Research Paper#Circuit Simulation, Physics-Informed Neural Networks, NeuroSPICE🔬 ResearchAnalyzed: Jan 3, 2026 18:35
NeuroSPICE: Physics-Informed Neural Networks for Circuit Simulation
Published:Dec 29, 2025 17:28
•1 min read
•ArXiv
Analysis
This paper introduces NeuroSPICE, a novel approach to circuit simulation using Physics-Informed Neural Networks (PINNs). The significance lies in its potential to overcome limitations of traditional SPICE simulators, particularly in modeling emerging devices and enabling design optimization and inverse problem solving. While not faster or more accurate during training, the flexibility of PINNs offers unique advantages for complex and highly nonlinear systems.
Key Takeaways
- •NeuroSPICE utilizes Physics-Informed Neural Networks (PINNs) for circuit simulation.
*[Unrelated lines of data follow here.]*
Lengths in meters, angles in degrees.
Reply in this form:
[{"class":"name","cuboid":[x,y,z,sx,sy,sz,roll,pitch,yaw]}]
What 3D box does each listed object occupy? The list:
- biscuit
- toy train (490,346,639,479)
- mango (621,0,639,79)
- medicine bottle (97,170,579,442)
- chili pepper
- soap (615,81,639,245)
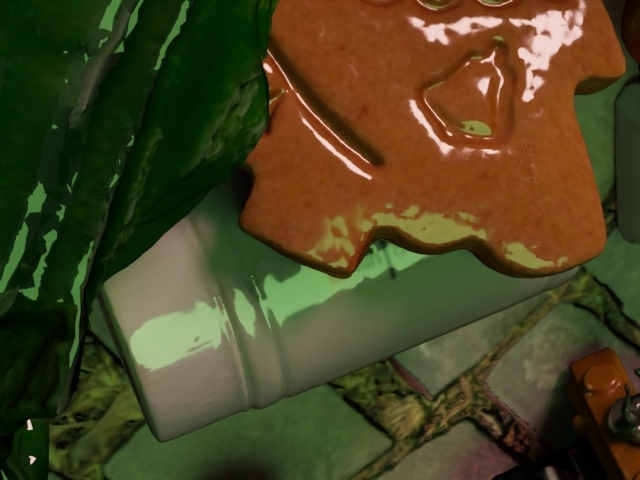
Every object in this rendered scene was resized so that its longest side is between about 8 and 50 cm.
[{"class":"biscuit","cuboid":[0.045,-0.129,0.737,0.283,0.043,0.306,23,78,-2]},{"class":"toy train","cuboid":[0.236,0.262,1.061,0.249,0.178,0.429,-23,126,5]},{"class":"mango","cuboid":[0.291,-0.196,0.833,0.146,0.129,0.289,33,91,-7]},{"class":"medicine bottle","cuboid":[0.000,0.000,0.809,0.254,0.152,0.152,-21,125,-11]},{"class":"chili pepper","cuboid":[-0.114,-0.059,0.597,0.167,0.213,0.385,28,104,7]},{"class":"soap","cuboid":[0.296,-0.064,0.947,0.198,0.066,0.119,-16,122,-13]}]

- •It solves circuit differential-algebraic equations (DAEs) by minimizing the residual through backpropagation.
- •Offers advantages in modeling emerging devices, design optimization, and inverse problems.
- •Provides a flexible approach for simulating highly nonlinear systems.
Reference
“NeuroSPICE's flexibility enables the simulation of emerging devices, including highly nonlinear systems such as ferroelectric memories.”